◆ Exercise instructions ◆
Find the line with "Rendered at 1241 by 1754 pixels." and the line with "text De termijn" in the entries below; output exactly those two lines, every line between them, and no others.

Records provided Start Marker

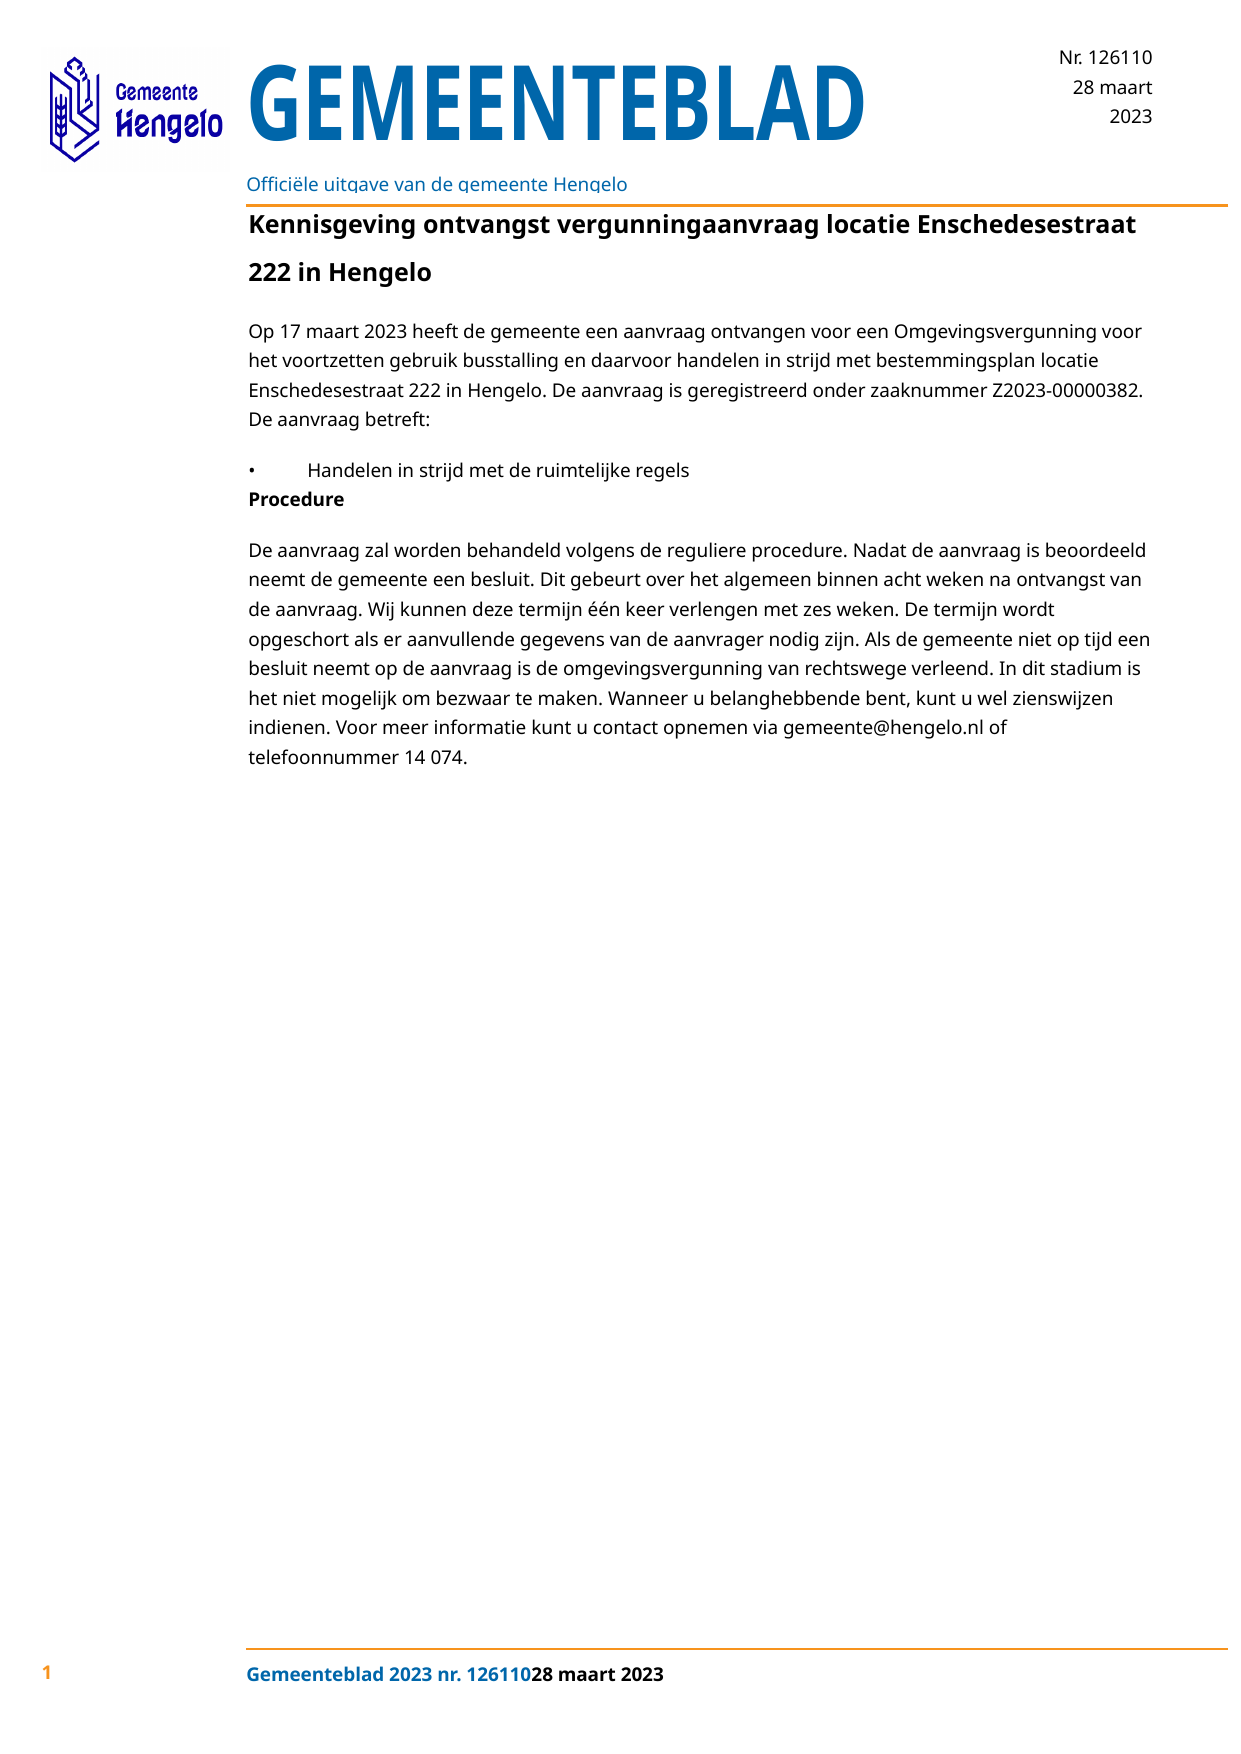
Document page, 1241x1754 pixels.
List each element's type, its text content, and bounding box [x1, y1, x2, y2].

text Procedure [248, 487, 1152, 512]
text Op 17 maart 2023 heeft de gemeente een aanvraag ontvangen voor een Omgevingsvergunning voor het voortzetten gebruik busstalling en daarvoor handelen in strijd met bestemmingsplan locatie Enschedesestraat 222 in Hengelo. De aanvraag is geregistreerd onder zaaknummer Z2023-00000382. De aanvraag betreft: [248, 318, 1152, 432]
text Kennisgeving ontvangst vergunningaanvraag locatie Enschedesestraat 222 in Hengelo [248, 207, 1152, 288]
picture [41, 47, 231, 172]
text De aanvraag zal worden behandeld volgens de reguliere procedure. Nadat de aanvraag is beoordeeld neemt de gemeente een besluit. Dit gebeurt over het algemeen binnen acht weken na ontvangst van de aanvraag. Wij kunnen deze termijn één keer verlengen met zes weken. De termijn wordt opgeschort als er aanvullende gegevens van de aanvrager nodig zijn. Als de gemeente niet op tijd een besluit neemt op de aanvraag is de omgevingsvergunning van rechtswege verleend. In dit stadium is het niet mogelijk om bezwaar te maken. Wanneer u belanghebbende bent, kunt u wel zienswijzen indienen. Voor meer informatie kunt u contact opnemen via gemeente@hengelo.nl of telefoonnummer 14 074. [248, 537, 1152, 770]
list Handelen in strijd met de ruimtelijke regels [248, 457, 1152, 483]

Records provided End Marker
Records provided Start Marker

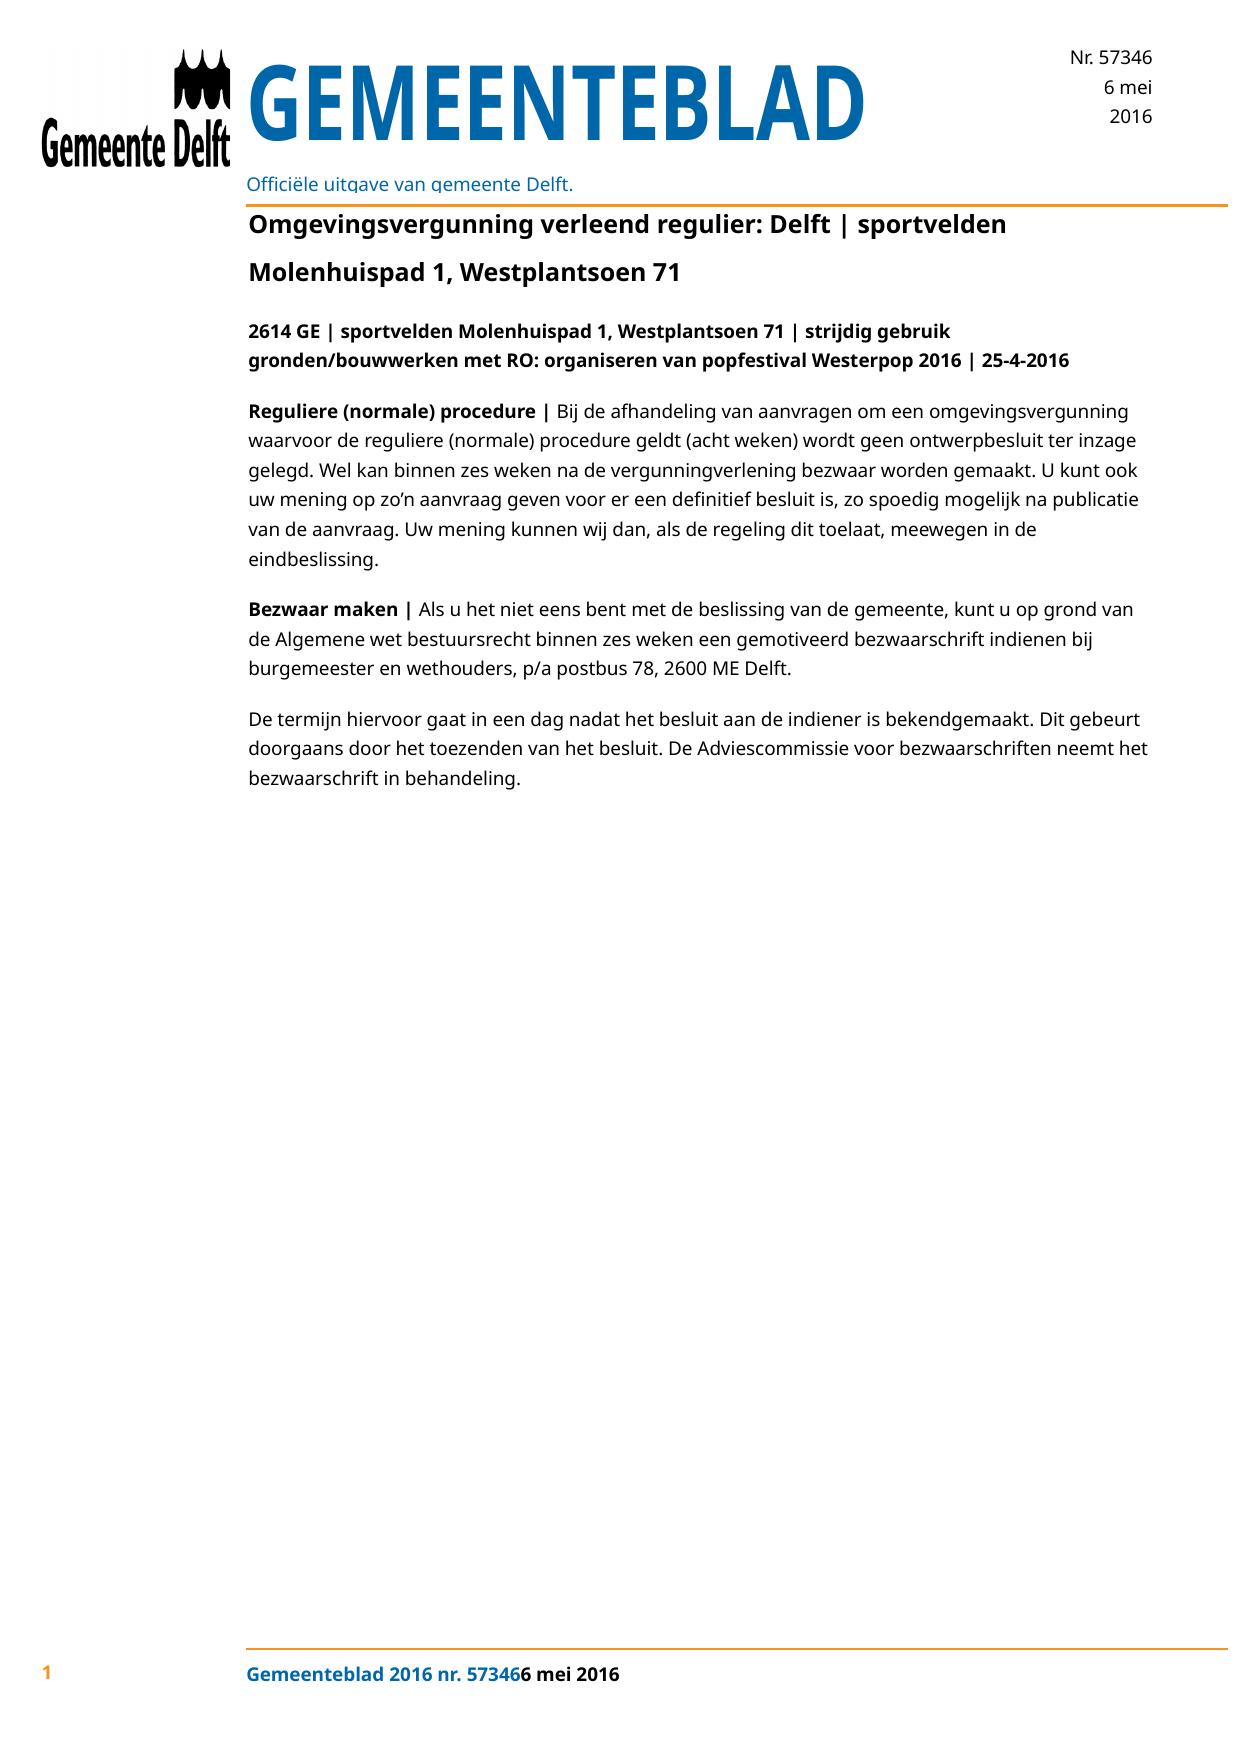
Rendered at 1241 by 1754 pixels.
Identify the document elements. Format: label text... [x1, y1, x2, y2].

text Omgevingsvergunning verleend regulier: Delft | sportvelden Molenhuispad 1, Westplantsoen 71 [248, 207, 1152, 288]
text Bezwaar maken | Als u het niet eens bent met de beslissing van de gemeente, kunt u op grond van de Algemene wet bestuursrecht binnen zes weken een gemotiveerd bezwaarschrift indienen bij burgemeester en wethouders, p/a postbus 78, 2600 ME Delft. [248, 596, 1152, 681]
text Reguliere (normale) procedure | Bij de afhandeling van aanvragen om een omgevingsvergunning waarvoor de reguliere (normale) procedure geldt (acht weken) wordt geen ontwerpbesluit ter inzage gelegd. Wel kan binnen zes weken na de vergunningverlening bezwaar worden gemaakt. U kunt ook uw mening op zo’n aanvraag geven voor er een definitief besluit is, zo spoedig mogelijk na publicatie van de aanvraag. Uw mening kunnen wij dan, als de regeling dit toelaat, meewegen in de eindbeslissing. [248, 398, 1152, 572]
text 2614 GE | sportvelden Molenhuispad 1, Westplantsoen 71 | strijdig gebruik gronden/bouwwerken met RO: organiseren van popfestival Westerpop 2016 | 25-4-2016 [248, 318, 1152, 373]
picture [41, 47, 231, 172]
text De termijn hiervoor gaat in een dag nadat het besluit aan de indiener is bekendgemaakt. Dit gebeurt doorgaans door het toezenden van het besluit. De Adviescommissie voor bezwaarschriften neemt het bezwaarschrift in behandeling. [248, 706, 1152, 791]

Records provided End Marker

◆ Worked solution ◆
Rendered at 1241 by 1754 pixels.
Identify the document elements. Format: label text... [x1, y1, x2, y2].

text Omgevingsvergunning verleend regulier: Delft | sportvelden Molenhuispad 1, Westplantsoen 71 [248, 207, 1152, 288]
text Bezwaar maken | Als u het niet eens bent met de beslissing van de gemeente, kunt u op grond van de Algemene wet bestuursrecht binnen zes weken een gemotiveerd bezwaarschrift indienen bij burgemeester en wethouders, p/a postbus 78, 2600 ME Delft. [248, 596, 1152, 681]
text Reguliere (normale) procedure | Bij de afhandeling van aanvragen om een omgevingsvergunning waarvoor de reguliere (normale) procedure geldt (acht weken) wordt geen ontwerpbesluit ter inzage gelegd. Wel kan binnen zes weken na de vergunningverlening bezwaar worden gemaakt. U kunt ook uw mening op zo’n aanvraag geven voor er een definitief besluit is, zo spoedig mogelijk na publicatie van de aanvraag. Uw mening kunnen wij dan, als de regeling dit toelaat, meewegen in de eindbeslissing. [248, 398, 1152, 572]
text 2614 GE | sportvelden Molenhuispad 1, Westplantsoen 71 | strijdig gebruik gronden/bouwwerken met RO: organiseren van popfestival Westerpop 2016 | 25-4-2016 [248, 318, 1152, 373]
picture [41, 47, 231, 172]
text De termijn hiervoor gaat in een dag nadat het besluit aan de indiener is bekendgemaakt. Dit gebeurt doorgaans door het toezenden van het besluit. De Adviescommissie voor bezwaarschriften neemt het bezwaarschrift in behandeling. [248, 706, 1152, 791]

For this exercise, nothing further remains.